I just decompiled it to verify as well, and there's nothing in there. So realistically we'd need some other way to guess the activity type.
Having said that, I got curious and decompiled the heart rate algorithm, and despite all those sport types the only ones that are handled in any way are:
SPORT_TYPE_NORMAL =0x00, SPORT_TYPE_RUNNING =0x01, SPORT_TYPE_RIDE_BIKE =0X02, SPORT_TYPE_SPINNING = 0X12
And it looks like SPORT_TYPE_RUNNING and SPORT_TYPE_RIDE_BIKE do the same thing, and SPORT_TYPE_SPINNING just makes the algorithm more sensitive to accelerometer data.
So maybe that activity detection function is correct - maybe if the step counter is counting steps we should just tell the heart rate monitor it's in running mode.
Having said that, looking at the graph running is actually handled properly, so maybe we shouldn't worry too much about setting the activity mode!
-
• #21
Having said that, looking at the graph running is actually handled properly,
running (third part?) looks OK, it is the second part (walking?) which is a bit off so maybe if that would be in RUNNING mode instead of NORMAL it could be better
however running part is now measured in NORMAL mode too and is OK(?)
-
• #22
Please note that I was walking fast, not slow or medium. This is almost running, I was intentionally testing extreme cases.
-
• #23
however running part is now measured in NORMAL mode too and is OK(?)

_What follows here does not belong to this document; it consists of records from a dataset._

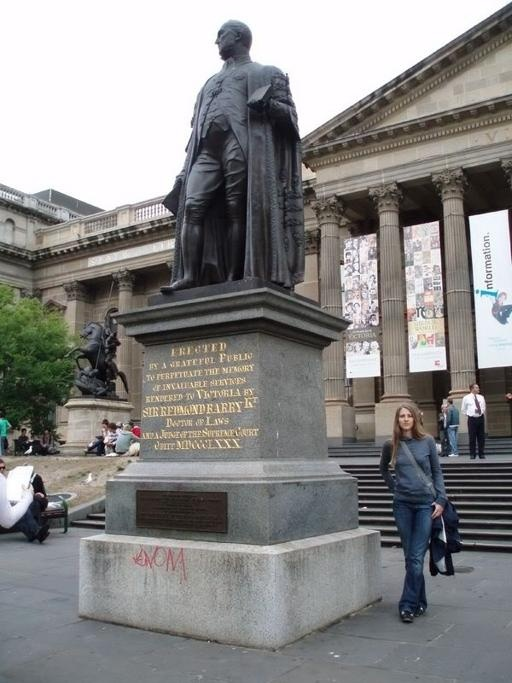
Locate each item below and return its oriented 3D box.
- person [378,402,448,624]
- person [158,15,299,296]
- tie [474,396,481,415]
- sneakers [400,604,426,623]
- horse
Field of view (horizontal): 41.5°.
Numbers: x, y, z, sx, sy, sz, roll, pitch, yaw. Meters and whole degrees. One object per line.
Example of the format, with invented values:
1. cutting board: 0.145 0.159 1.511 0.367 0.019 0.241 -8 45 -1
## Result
1. person: 1.279 1.348 5.448 0.511 1.679 0.877 -2 -4 9
2. person: -0.211 -1.495 6.005 1.191 2.143 0.843 -2 -4 6
3. tie: 5.555 1.602 16.934 0.189 0.502 0.093 1 -5 -31
4. sneakers: 1.178 2.082 5.143 0.098 0.121 0.300 -13 -31 29
5. horse: -5.644 0.650 24.309 1.533 2.733 1.298 -2 -4 0
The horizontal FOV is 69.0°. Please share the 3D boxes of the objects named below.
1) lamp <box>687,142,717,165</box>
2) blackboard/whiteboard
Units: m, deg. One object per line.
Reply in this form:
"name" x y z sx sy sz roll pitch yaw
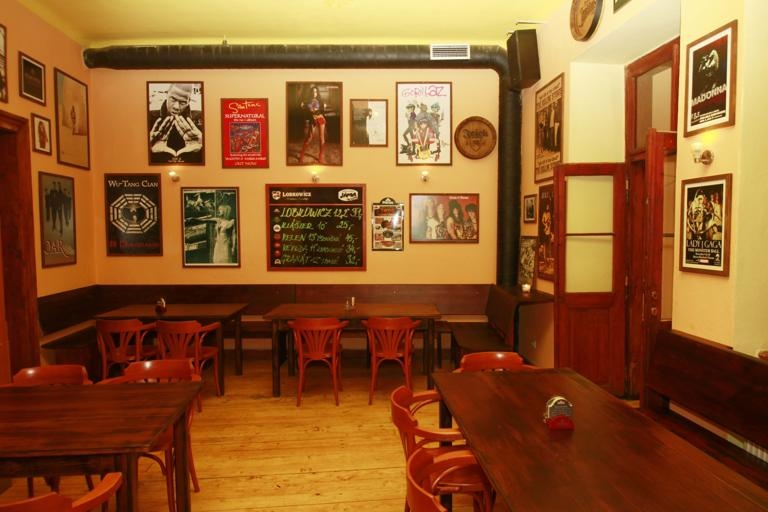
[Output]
"lamp" 3.014 -0.962 5.316 0.205 0.247 0.189 2 -3 -5
"blackboard/whiteboard" -1.082 -0.505 8.483 1.367 1.110 0.132 0 1 0
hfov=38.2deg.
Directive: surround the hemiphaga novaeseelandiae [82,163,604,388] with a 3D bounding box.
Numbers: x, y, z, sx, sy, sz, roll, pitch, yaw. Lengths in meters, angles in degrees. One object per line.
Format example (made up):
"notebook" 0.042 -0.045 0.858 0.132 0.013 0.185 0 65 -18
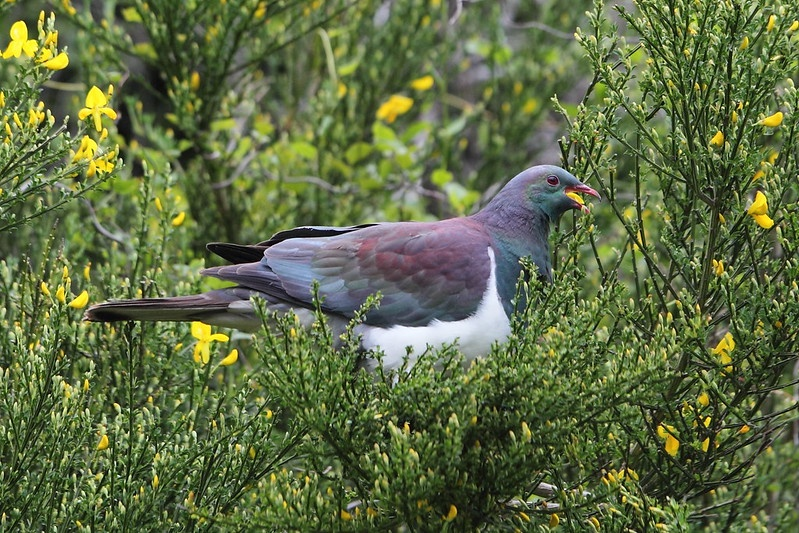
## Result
"hemiphaga novaeseelandiae" -0.208 -0.002 5.671 2.532 1.504 0.856 6 -8 6
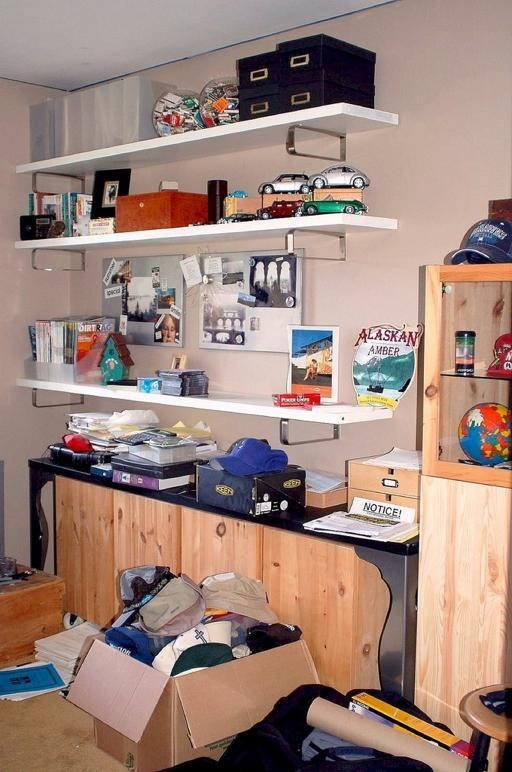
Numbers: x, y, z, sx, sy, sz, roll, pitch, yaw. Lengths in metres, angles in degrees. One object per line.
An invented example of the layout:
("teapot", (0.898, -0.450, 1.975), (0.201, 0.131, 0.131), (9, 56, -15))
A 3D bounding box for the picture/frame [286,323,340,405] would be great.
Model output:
("picture/frame", (0.222, -0.076, 2.340), (0.295, 0.388, 0.028), (2, 1, 42))

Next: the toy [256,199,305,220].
("toy", (0.081, -0.617, 2.133), (0.118, 0.057, 0.073), (12, 23, 24))

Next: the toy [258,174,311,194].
("toy", (0.104, -0.710, 2.128), (0.133, 0.060, 0.091), (5, 20, 9))

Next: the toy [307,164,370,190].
("toy", (0.274, -0.675, 2.033), (0.155, 0.071, 0.090), (6, 16, 7))

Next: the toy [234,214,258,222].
("toy", (-0.041, -0.628, 2.289), (0.080, 0.027, 0.037), (7, 17, 6))

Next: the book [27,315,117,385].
("book", (-1.004, -0.229, 3.278), (0.547, 0.269, 0.231), (2, 3, 26))

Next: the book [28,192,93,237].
("book", (-1.013, -0.882, 3.206), (0.258, 0.250, 0.141), (14, 18, 34))

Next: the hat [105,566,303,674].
("hat", (-0.146, 0.669, 1.781), (0.328, 0.123, 0.329), (-3, 6, -42))

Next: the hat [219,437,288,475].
("hat", (-0.003, 0.233, 2.153), (0.182, 0.066, 0.127), (-2, 9, -35))

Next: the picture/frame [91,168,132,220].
("picture/frame", (-0.718, -0.939, 3.072), (0.216, 0.302, 0.019), (8, -31, -18))

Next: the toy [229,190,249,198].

Yes, that's my concern. I guess I could expose the sport mode in some way so that anyone interested could fiddle with it, but I feel like for the moment the current solution is still a lot better than it was before!
-
• #24
Please note that I was walking fast
that's even more interesting because when you was running the NORMAL mode managed to do quite well but fast walking did not work so well (20-10BPM lower)
i just suppose that you were for x coordinate
0-50 sitting still
50-130 walking fast
130-210 running without moving
210- sitting still -
• #25
Sorry forgot to mention that but yes we have approx one 1 pwm per second with event number on x axis.
It was ca.- one minute
2 two minutes (~60-180)
3 one minute (180+)
4 one minute
Maybe I'll do different plots for difference activities in the future (walking slow/fast, running, stairs, bicycle)
- one minute
I have now switched over to the proprietary heart rate algorithm provided by the sensor manufacturer - which I hope will do a better job at giving you accurate heart rate readings, especially when moving around.
It can be supplied with some different sports modes - for instance it may be possible to switch it to a mode that'll make it work better for Running - but I haven't tried this yet.
It's a shame to move away from an Open Source implementation, but realistically despite making a test harness nobody seems to have been very interested in trying out better solutions.
In the end, I think most Bangle.js users care more about a working Heart rate sensor than an open one - although anyone who does care can still build their own firmwares with the open one with relative ease.